• Records contained in a dataset:
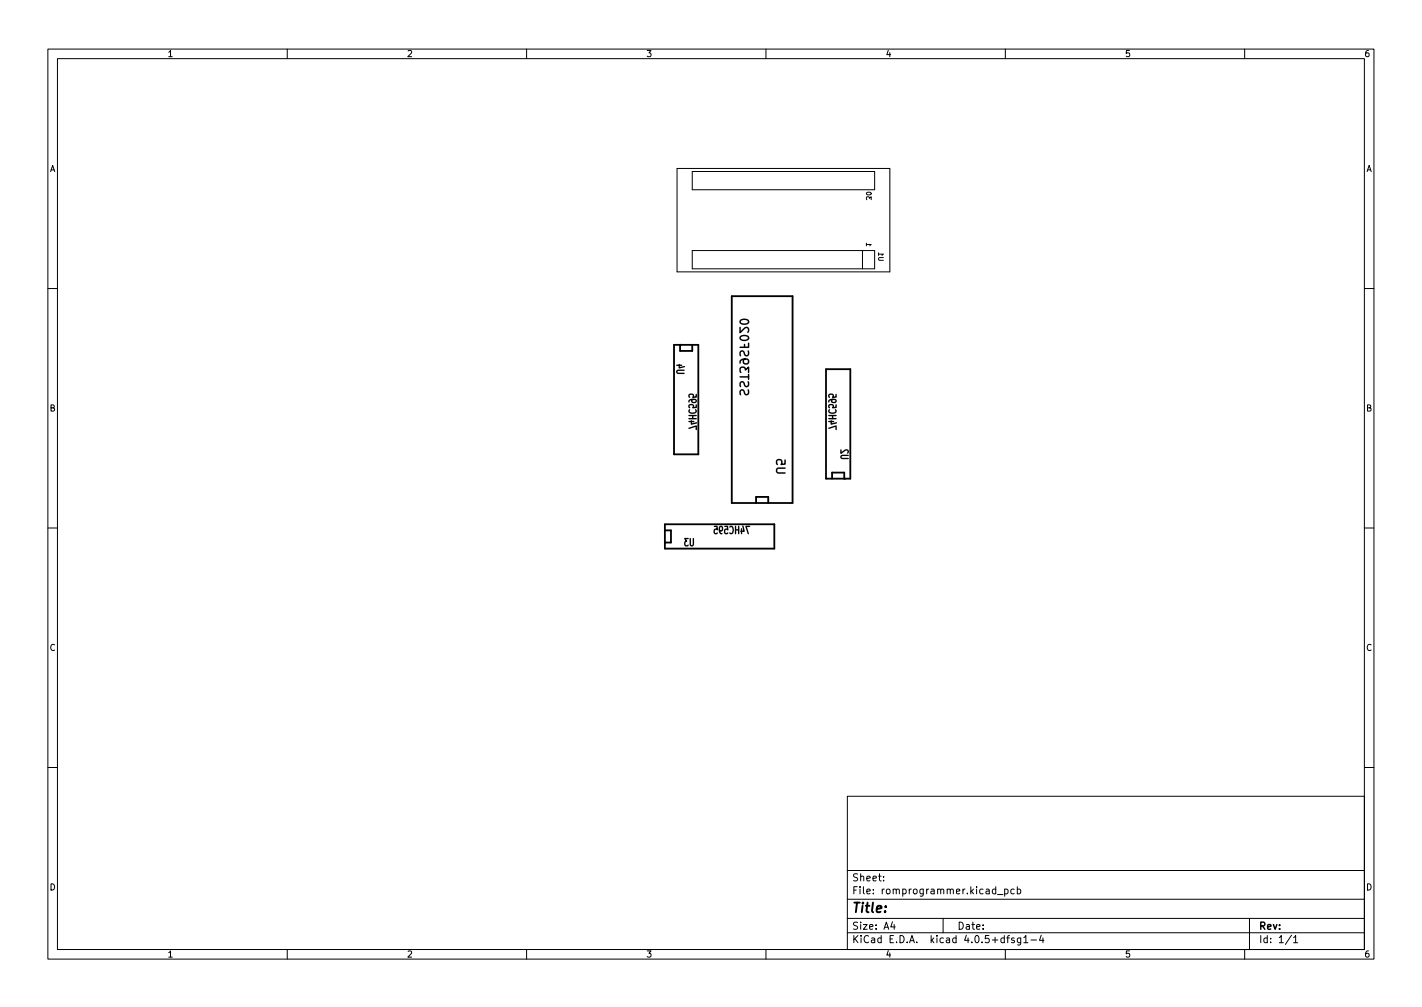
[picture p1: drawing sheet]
<svg xmlns="http://www.w3.org/2000/svg" width="297mm" height="210mm" viewBox="0 0 297 210" stroke-linecap="round" stroke-linejoin="round" font-family="sans-serif">
<defs><g id="words">
<text font-size="2.8" x="178" y="190.6">Title:</text>
<g font-size="2.1">
<text x="178" y="184">Sheet:</text>
<text x="178" y="186.7">File: romprogrammer.kicad_pcb</text>
<text x="178" y="196.9">KiCad E.D.A. kicad 4.0.5+dfsg1-4</text>
<text x="178" y="194.1">Size: A4</text>
<text x="200" y="194.1">Date:</text>
<text x="263" y="194.1">Rev:</text>
<text x="263" y="196.9">Id: 1/1</text>
</g>
<g font-size="1.8">
<text x="35" y="11.9">1</text>
<text x="85" y="11.9">2</text>
<text x="135" y="11.9">3</text>
<text x="185" y="11.9">4</text>
<text x="235" y="11.9">5</text>
<text x="285" y="11.9">6</text>
<text x="10.3" y="35.9">A</text>
<text x="285.3" y="35.9">A</text>
<text x="10.3" y="85.9">B</text>
<text x="285.3" y="85.9">B</text>
<text x="10.3" y="135.9">C</text>
<text x="285.3" y="135.9">C</text>
<text x="10.3" y="185.9">D</text>
<text x="285.3" y="185.9">D</text>
<text x="35" y="199.9">1</text>
<text x="85" y="199.9">2</text>
<text x="135" y="199.9">3</text>
<text x="185" y="199.9">4</text>
<text x="235" y="199.9">5</text>
<text x="285" y="199.9">6</text>
</g>
<text font-size="1.4" x="180.9" y="51.4" transform="rotate(-90 180.9 51.4)">1</text>
</g></defs>
<g fill="none" stroke="#000" stroke-width=".21">
<path d="M10 10.2h277v190.1h-277zM12 12.2h273v186.1h-273zM60 10.2v2M110 10.2v2M160 10.2v2M210 10.2v2M260 10.2v2M141.4 35.2h44.5v21.6h-44.5zM144.6 35.8h38.1v3.8h-38.1zM144.6 52.3h38.1v3.8h-38.1zM180.2 52.3v3.8M181 51h1l-.3 .3"/>
<path d="M181.1 41.7l-.1-.4 .2-.2h.3l.1 .3 .4-.3v.6M181.1 40.2a.48 .48 0 0 1 .5-.1 .48 .48 0 0 1 .3 .5 .49 .49 0 0 1-.5 .2 .49 .49 0 0 1-.4-.5zM183.5 53.1h1l-.3 .3M183.5 52.8v.6M184.5 53.8h-.8l-.2 .2 .2 .4h.8M10 60.2h2M285 60.2h2M10 110.2h2M285 110.2h2M10 160.2h2M177 166.3h108v32h-108zM285 160.2h2"/>
<path d="M60 198.3v2M110 198.3v2M160 198.3v2M177 194.8h108M177 191.8h108M177 187.8h108M177 181.8h108M184.6 183.8v.1M184.6 183v.1M186.4 192.5l-.3 1h.9M186.8 193v1M197 191.8v3"/>
<path d="M208.4 186.8h1.1M209.9 185.7l.4-.1 .3 .3-.2 .7h-.5M209.9 185.6v1.5M210 198.3v2M210.3 195.8h.6M210.9 195.3l-.4 .2v1.3M211.9 195.9l-.4-.1-.2 .2 .1 .3 .5 .1v.4h-.6M211.9 185.7l-.5-.1-.3 .3 .2 .7h.6M212.5 185.7l.4-.1 .3 .3-.1 .7h-.6M212.5 185.1v1.5M213.2 195.8v1.2l-.3 .3h-.3M213.2 195.9l-.4-.1-.3 .3 .1 .7h.6"/>
<path d="M213.9 195.8l.4-.5v1.5M213.9 196.8h.8M215.4 196.3h1.1M217.5 195.3l-.4 1h1M217.9 195.8v1M260 198.3v2M261 191.8v6.5M269.8 195.3l-1.3 1.9M270.2 195.8l.4-.5v1.5M270.2 196.8h.9"/>
</g>
<g fill="#000">
<circle cx="142.1" cy="72" r=".19"/>
<circle cx="176.4" cy="99.9" r=".19"/>
<circle cx="138.9" cy="113.3" r=".19"/>
</g>
<path d="M140.8 72h5.1v22.9h-5.1zM142.1 72v1.3h2.5v-1.3M152.9 61.8h12.7v43.2h-12.7zM172.5 77.1h5.1v22.8h-5.1zM173.8 99.9v-1.2h2.6v1.2M138.9 110.7h1.3v2.6h-1.3M138.9 109.5h22.8v5h-22.8zM157.9 105v-1.2h2.6v1.2" fill="none" stroke="#000" stroke-width=".38"/>
<g fill="none" stroke="#000" stroke-width=".29">
<path d="M141.4 76.3h1M141.9 76.1v.7l1.1-.3M142.9 77.3h-1.2l-.3 .2v.3l.3 .2h1.2M143.9 89.4l1.5-.5v.8M143.9 88h1M143.9 87.4h1.5M143.9 86.8h1.5M144.1 85.6l-.2 .2a.83 .83 0 0 0 .8 .5 .83 .83 0 0 0 .7-.5l-.1-.2M144.4 87.9v.7l1.1-.3M144.7 86.8v.6M144.8 83.4l-.3 .2 .1 .3 .2 .1 .6-.1v-.3l-.3-.2h-.8l-.3 .2-.1 .3M145.4 84.5v.6h-.7l.2-.1-.1-.4-.7-.1-.2 .2 .2 .4"/>
<path d="M145.4 82.4v.5l-.7 .1 .2-.2-.1-.4h-.7l-.2 .1 .2 .5M173.1 89.4l1.5-.5v.8M173.1 88h1M173.1 87.4h1.5M173.1 86.8h1.5M173.3 85.6l-.2 .2a.83 .83 0 0 0 .8 .5 .83 .83 0 0 0 .7-.5l-.1-.2M173.6 87.9v.7l1.1-.3M173.9 86.8v.6M174 83.4l-.3 .2 .1 .3 .2 .1 .6-.1v-.3l-.2-.2h-.9l-.3 .2-.1 .3M174.6 84.5v.6h-.7l.2-.1-.1-.4-.7-.1-.2 .2 .2 .4M174.6 82.4v.5l-.7 .1 .2-.2-.1-.4h-.7l-.2 .1 .2 .5M175.7 93.9v.7l1.1-.7 .4 .3-.2 .4"/>
<path d="M177.2 95.1h-1.2l-.3 .2v.3l.3 .1h1.2M143.7 112.4h-.7l.4 .6-.3 .2v.6l.2 .2 .4-.2M144.2 112.4v1.3l.2 .3 .3-.1 .1-.2v-1.3M149.2 109.9h.6v.7l-.1-.1-.4 .1-.1 .7 .2 .1 .4-.1M150.3 110.6l.2 .2h.3l.1-.2-.1-.6-.3-.1-.2 .3v.9l.2 .3h.3M151.4 109.9h.6v.7l-.1-.1-.4 .1-.1 .7 .2 .1 .4-.1M152.4 110l.3-.1a.83 .83 0 0 1 .5 .8 .83 .83 0 0 1-.5 .7l-.3-.1M153.6 110.6h.7M153.6 109.9v1.5M154.3 109.9v1.5M154.9 110.4v1M155.2 109.8l.2 1.1h-.7"/>
<path d="M156.6 109.9h-.8l.5 1.5"/>
</g>
<g fill="none" stroke="#000" stroke-width=".3">
<path d="M154.6 68.4v1.1l1.3-1.1h.3l.2 .3-.2 .7M154.6 78.7h1.8M154.8 77.8l-.2-.3v-.5l.3-.3h.6l.2 .6 .7-.6v1.1M154.8 70.2a.96 .96 0 0 1 1.6 .4 1.11 1.11 0 0 1-1.8 0zM154.8 66.8a.96 .96 0 0 1 1.6 .5 1.11 1.11 0 0 1-1.8 0zM155.5 71.9v.6M155.6 75l-.3 .3 .1 .5 .2 .2 .7-.2 .1-.5-.2-.2a1.18 1.18 0 0 0-1.6 .4v.3M156.3 79.7l.1 .7-.2 .2h-.5l-.3-.7-.5-.2-.3 .3 .1 .7M156.3 73.3l.1 .7-.4 .3-.4-.2-.3-.7h-.5l-.2 .2 .1 .7M156.4 71.7v.8h-1.8M156.4 78.2v1M156.3 81.4l.1 .7-.4 .3-.4-.2-.3-.7h-.5l-.2 .2 .1 .7"/>
<path d="M164 97.7h-1.4l-.4 .4v.3l.4 .4h1.4M164 96v.9l-.9 .1 .2-.3-.1-.6-.2-.1h-.6l-.2 .3 .2 .7"/>
</g>
<use href="#words"/>
</svg>

• What is being asked: For each line in the data that contains the string "none", give a copy of that line.

• Written response:
<g fill="none" stroke="#000" stroke-width=".21">
<path d="M140.8 72h5.1v22.9h-5.1zM142.1 72v1.3h2.5v-1.3M152.9 61.8h12.7v43.2h-12.7zM172.5 77.1h5.1v22.8h-5.1zM173.8 99.9v-1.2h2.6v1.2M138.9 110.7h1.3v2.6h-1.3M138.9 109.5h22.8v5h-22.8zM157.9 105v-1.2h2.6v1.2" fill="none" stroke="#000" stroke-width=".38"/>
<g fill="none" stroke="#000" stroke-width=".29">
<g fill="none" stroke="#000" stroke-width=".3">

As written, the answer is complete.